[Recorded data]
*** Block opens ***

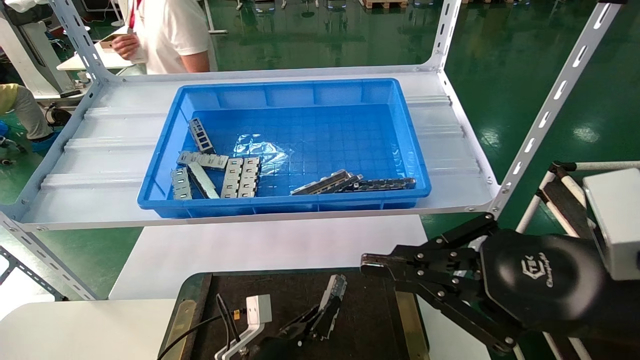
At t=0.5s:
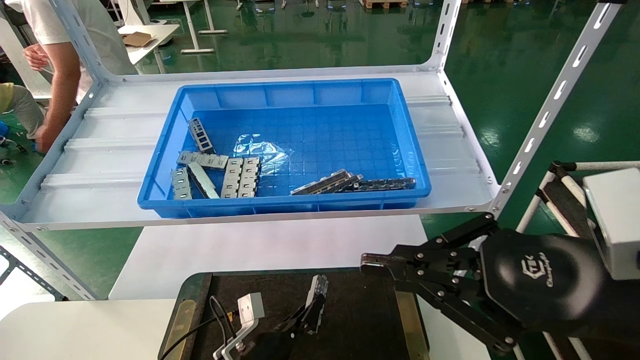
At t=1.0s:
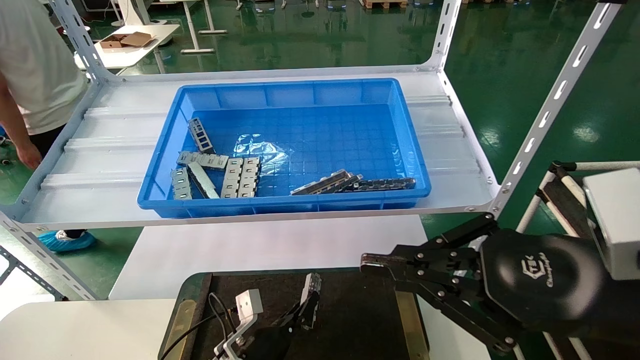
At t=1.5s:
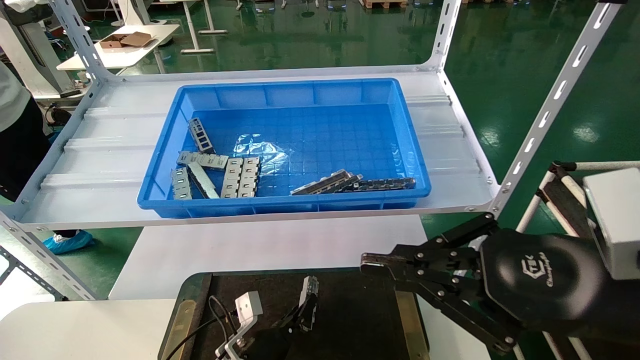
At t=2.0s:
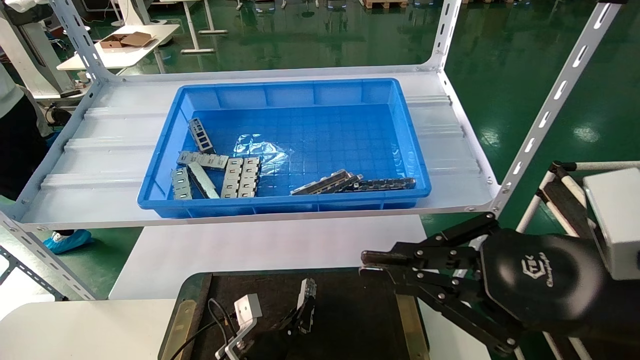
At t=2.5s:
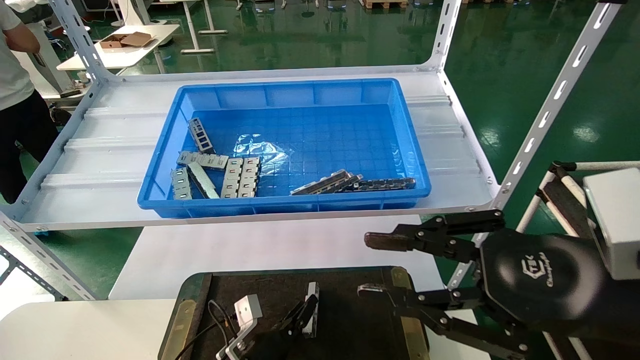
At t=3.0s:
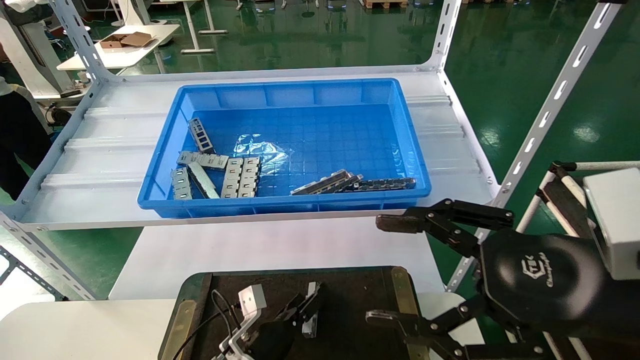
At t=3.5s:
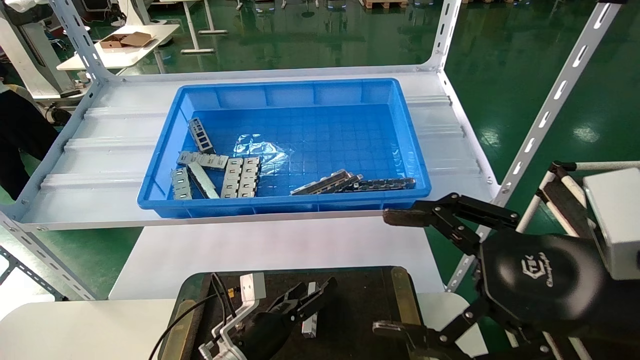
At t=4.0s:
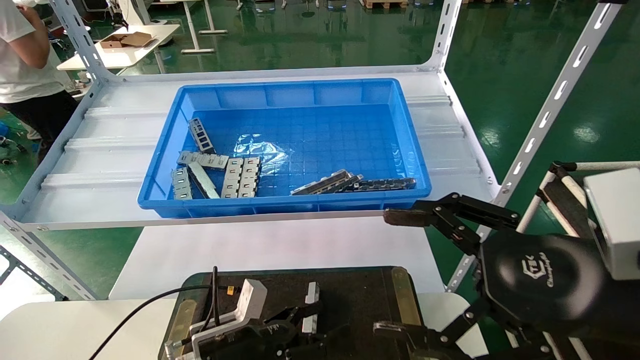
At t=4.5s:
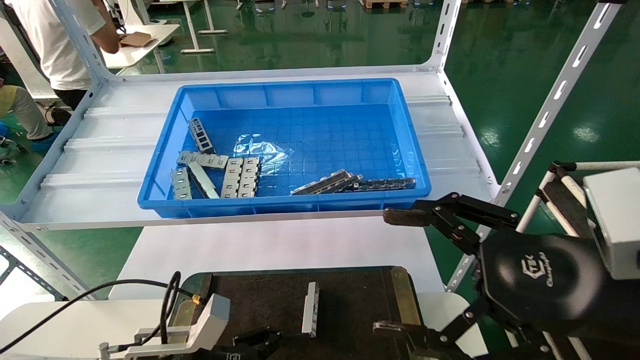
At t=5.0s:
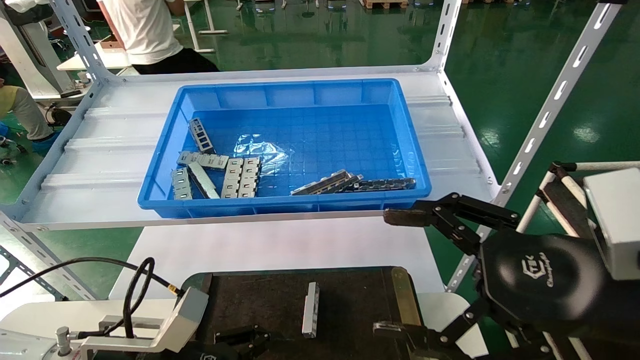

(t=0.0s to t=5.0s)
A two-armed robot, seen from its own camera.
Task of the whole recording: Grasp the part with one hand and place it on the black container.
Step, t=0.0s - t=2.5s: Place the front USB bracket into the box.
t=0.0s - t=2.5s: There are only small adjustments of the grippers.
t=2.5s - t=5.0s: The left gripper moves upward, backward and to the left, some 25 cm, and opens its fingers, while the right gripper opens up.
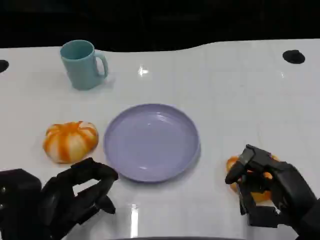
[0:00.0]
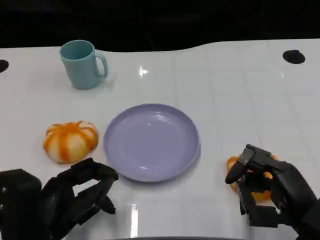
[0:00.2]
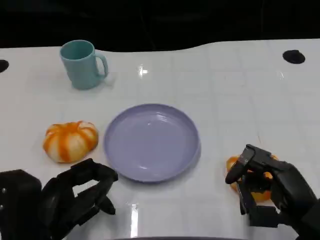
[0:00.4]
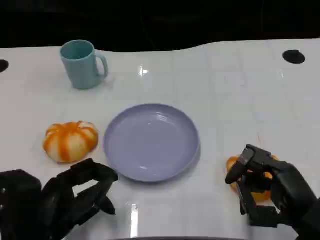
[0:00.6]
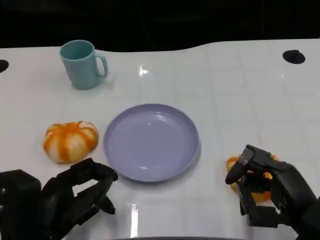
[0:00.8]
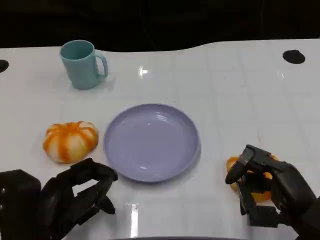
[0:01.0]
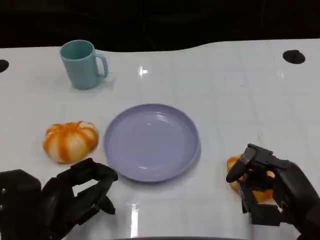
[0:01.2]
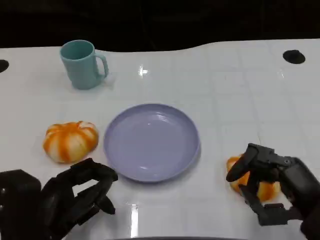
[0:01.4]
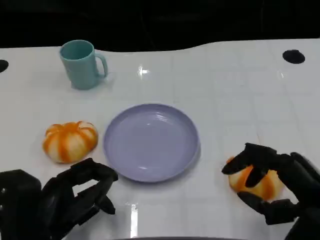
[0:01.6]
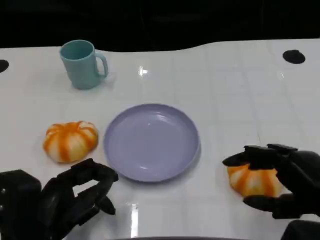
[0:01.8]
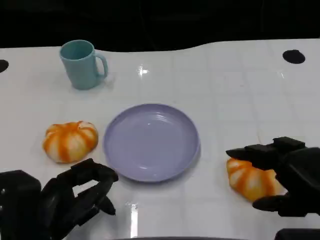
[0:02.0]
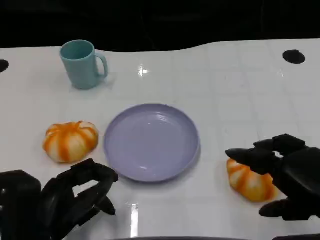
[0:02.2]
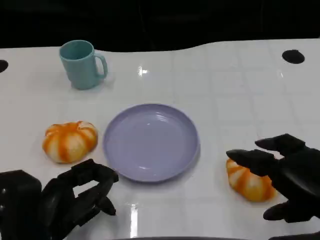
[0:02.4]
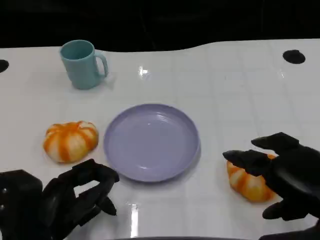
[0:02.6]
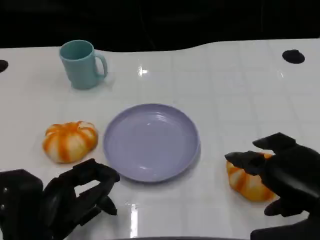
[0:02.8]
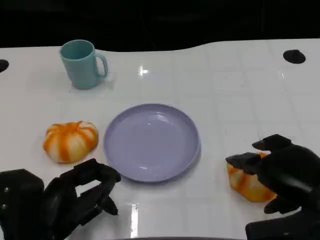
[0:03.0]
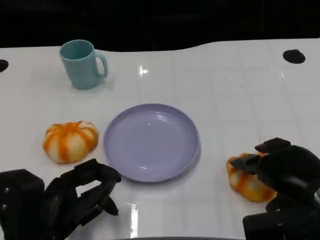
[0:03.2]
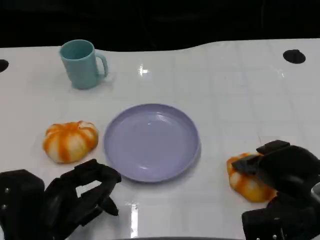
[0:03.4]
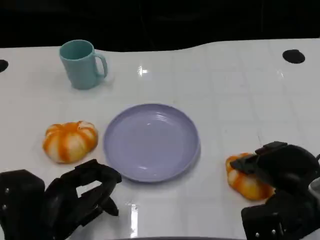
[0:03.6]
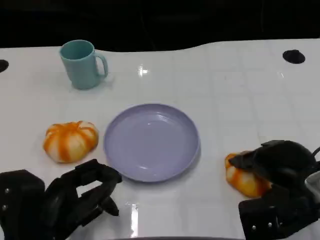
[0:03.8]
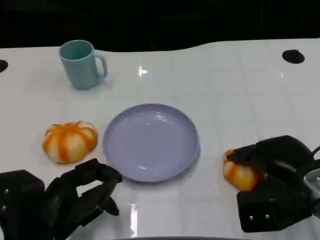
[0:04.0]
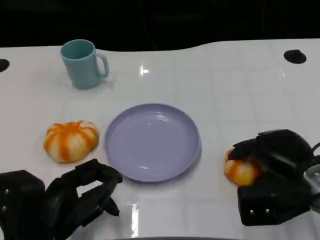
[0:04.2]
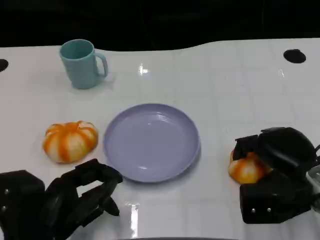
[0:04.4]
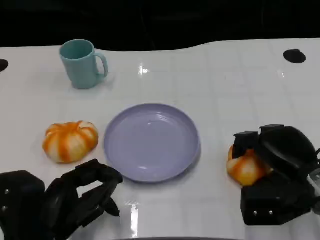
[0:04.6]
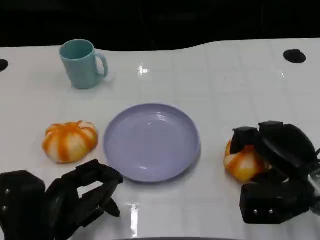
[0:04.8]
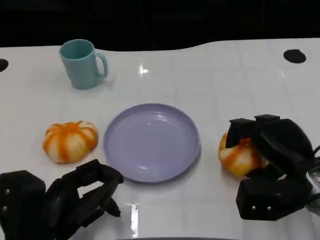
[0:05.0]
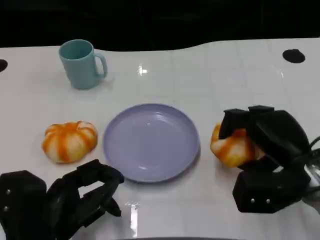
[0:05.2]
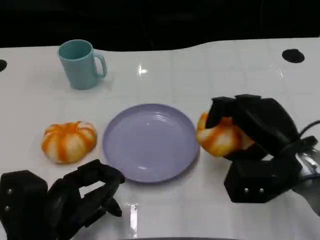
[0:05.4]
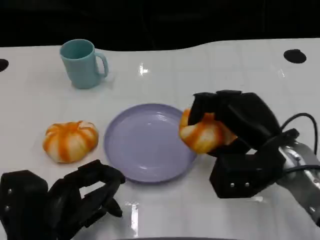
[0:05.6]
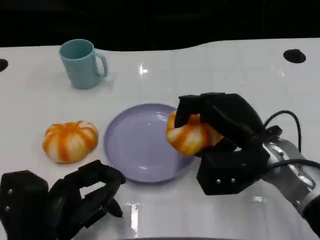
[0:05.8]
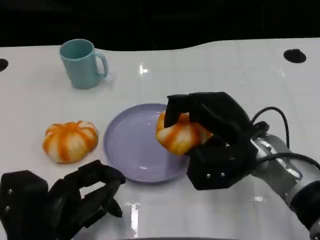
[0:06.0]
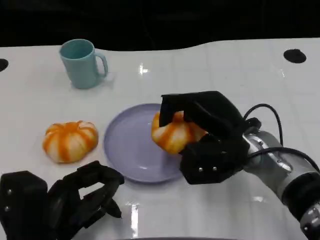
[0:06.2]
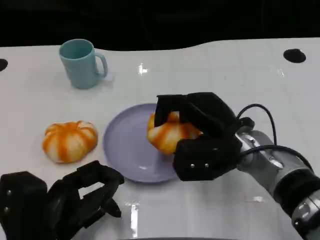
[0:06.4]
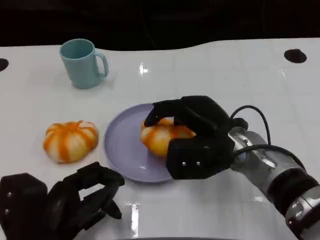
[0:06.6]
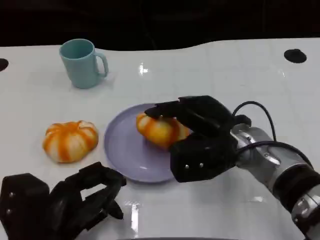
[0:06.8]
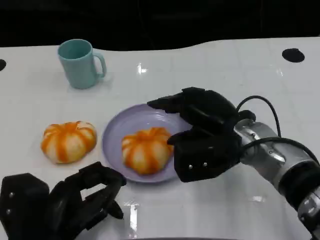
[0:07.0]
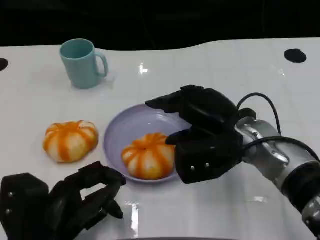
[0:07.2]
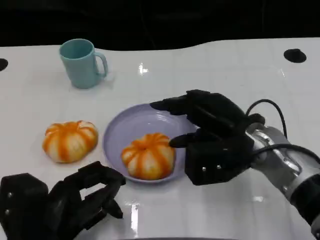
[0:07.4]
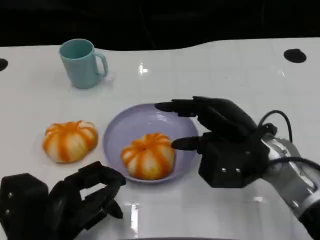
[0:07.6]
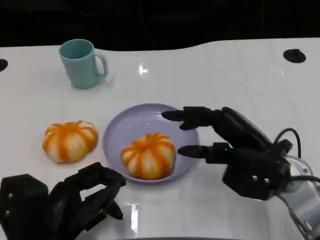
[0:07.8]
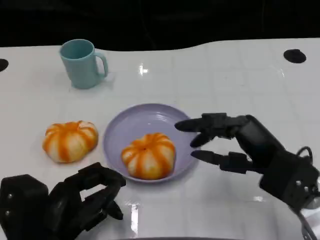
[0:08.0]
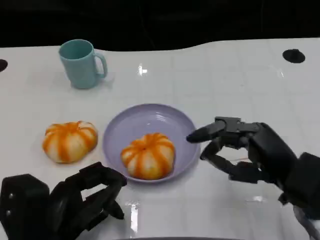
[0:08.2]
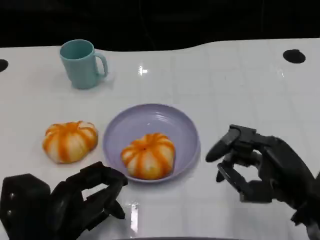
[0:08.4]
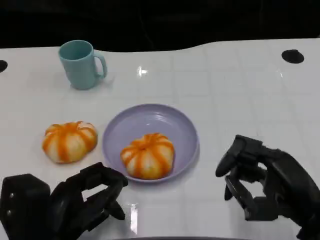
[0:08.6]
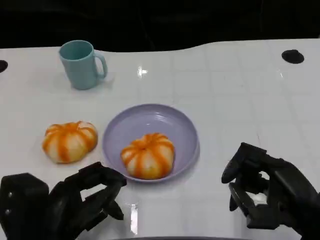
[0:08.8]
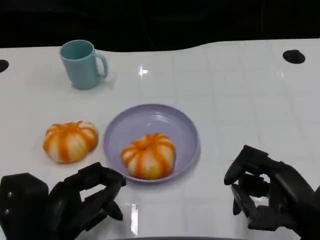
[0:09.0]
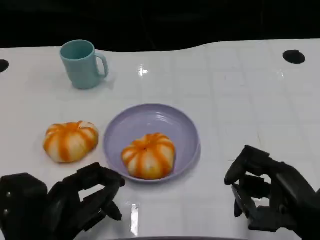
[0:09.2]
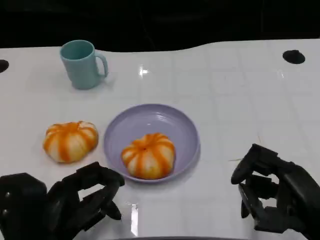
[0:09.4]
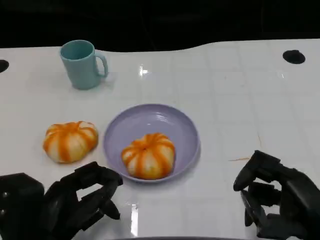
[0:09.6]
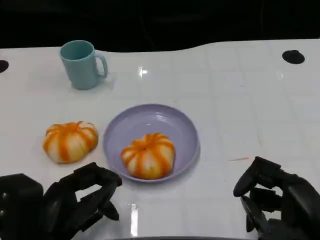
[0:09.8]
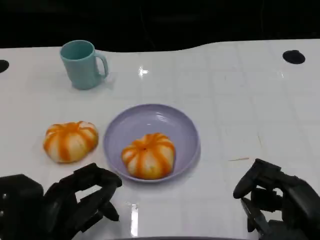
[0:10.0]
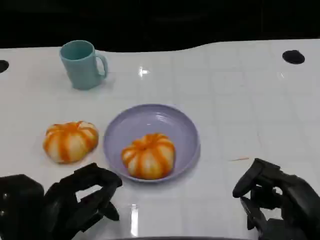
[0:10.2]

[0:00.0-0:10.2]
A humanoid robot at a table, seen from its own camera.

*** Block closes ***

● WHAT THE TASK ASKS: Repeat only the lines from the one holding "[0:00.0-0:10.2]" through the last line of the data.

● OUTPUT FOR THIS TASK:
[0:00.0-0:10.2]
A humanoid robot at a table, seen from its own camera.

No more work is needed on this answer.